++++ Supplied information

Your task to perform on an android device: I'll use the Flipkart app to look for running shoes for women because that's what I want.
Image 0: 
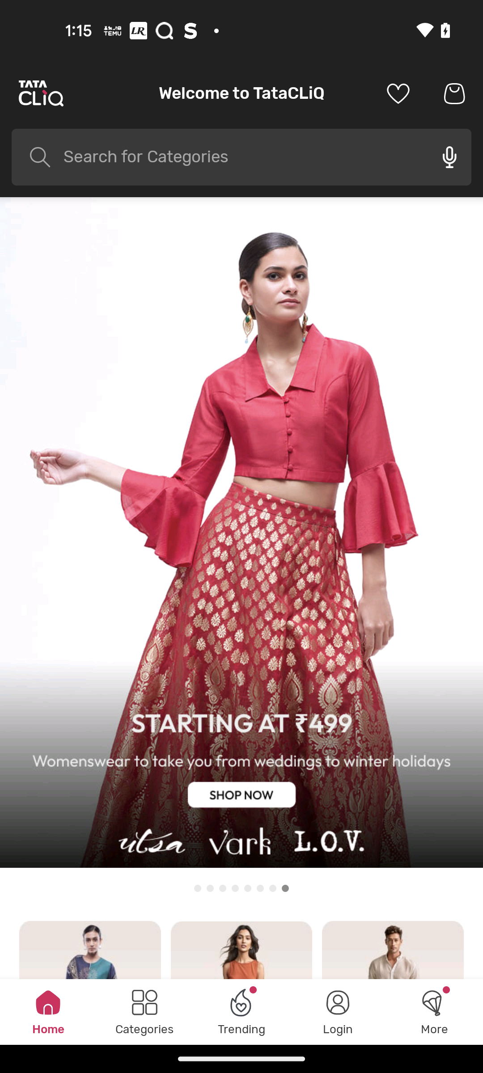
Open the Flipkart app
Step 0: open app "Flipkart"
Image 1: 
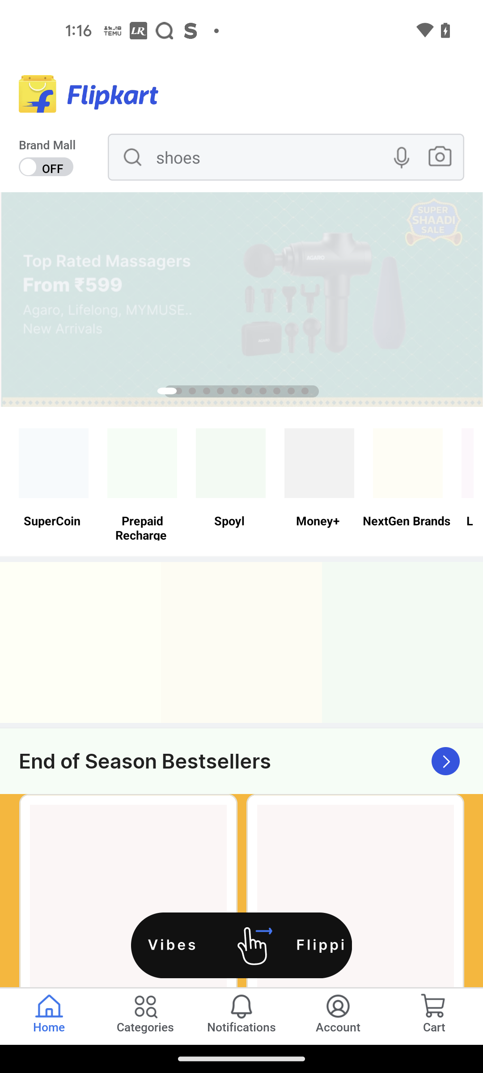
Go to the search bar at the top of the screen
Step 1: click (292, 158)
Image 2: 
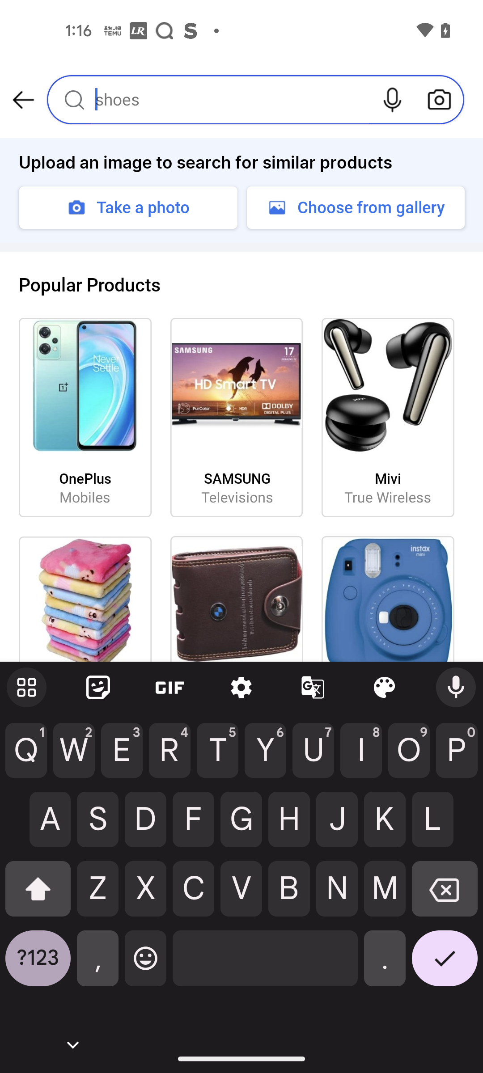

++++++++

§ **Problem details**: Your copy should hold all the data word for word. It should hold no pictures.

§ **Exercise response**:
Your task to perform on an android device: I'll use the Flipkart app to look for running shoes for women because that's what I want.
Image 0: 
Open the Flipkart app
Step 0: open app "Flipkart"
Image 1: 
Go to the search bar at the top of the screen
Step 1: click (292, 158)
Image 2: 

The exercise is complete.